Dean Bolton asked for and received permission from the creature. He then drew his wand and performed a series of rapid, intricate diagnostic charms, confirming the werewolf's mental stability and the potency of the Potion's effect.

Finally, ignoring the gasp of the crowd, Dean Bolton reached out and gently placed his gloved hand on the werewolf's heavily muscled, furred forearm. It was a gesture of profound respect and medical validation.

The barrier of Aurors dissolved as the reporters, realizing the full magnitude of the moment, surged forward. Their cameras focused on the incredible tableau: the respected healer touching the dangerous beast, who remained docile and spoke with perfect clarity.

Dumbledore, observing the entire interaction with intense focus, smiled broadly. He leaned toward Fudge, his voice carrying the authority of a man whose judgment was final.

"Cornelius, I believe we have witnessed the success of the century," Dumbledore announced, his eyes shining. "The preservation of the werewolf's intellect is remarkably intact; not only is his speech lucid, but his ability to manage emotional distress is clearly unimpaired. Damocles Belby's Potion is indeed excellent."

"Yes, yes, quite right!" Fudge nodded vigorously, his face beaming, his earlier anxiety dissolving into pure, undiluted self-congratulation. This was his triumph! Every headline tomorrow would mention the great leadership of the Minister of Magic. The werewolf was completely under control, as harmless and docile as a house elf.

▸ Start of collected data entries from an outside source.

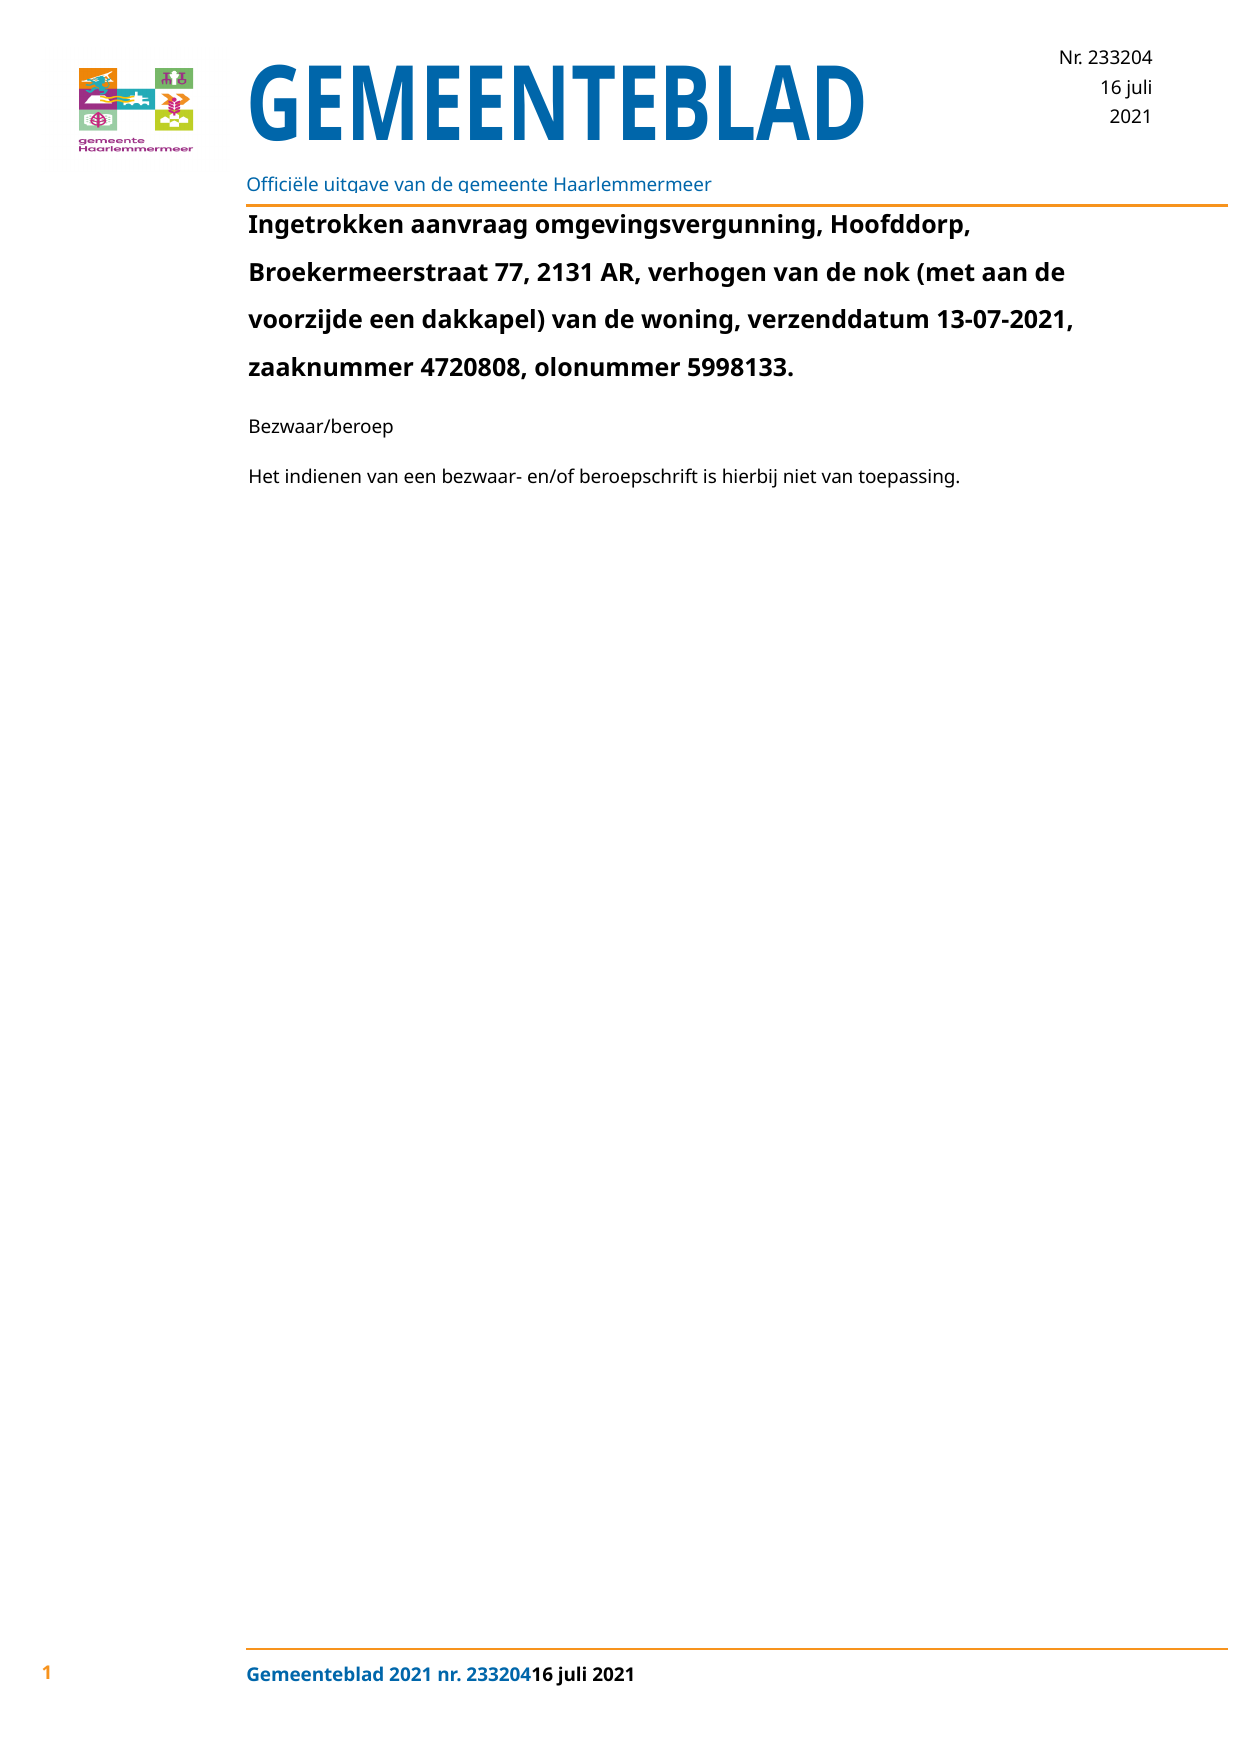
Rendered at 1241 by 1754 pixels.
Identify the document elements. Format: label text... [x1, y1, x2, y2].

picture [41, 47, 231, 172]
text Ingetrokken aanvraag omgevingsvergunning, Hoofddorp, Broekermeerstraat 77, 2131 AR, verhogen van de nok (met aan de voorzijde een dakkapel) van de woning, verzenddatum 13-07-2021, zaaknummer 4720808, olonummer 5998133. [248, 207, 1152, 384]
text Het indienen van een bezwaar- en/of beroepschrift is hierbij niet van toepassing. [248, 463, 1152, 489]
text Bezwaar/beroep [248, 413, 1152, 439]

All thanks to my excellent direction! The werewolf threat is neutered!

Fudge stood taller, feeling utterly invincible. He was practically humming with political satisfaction.

Suddenly, Dumbledore rose to his feet, a mischievous, grandfatherly twinkle in his eye. He offered a sly, inviting smile to the Minister.

"Now, Cornelius," Dumbledore said, the ultimate politician delivering the ultimate demand. "This is the moment of truth, the gesture of true political bravery. Come with me."

He gestured toward the caged, serene beast.

"Let us both go up to that platform. Let us demonstrate to the entire wizarding world that the Ministry stands in solidarity, not in fear. Come on, Fudge, let's shake hands with the werewolf."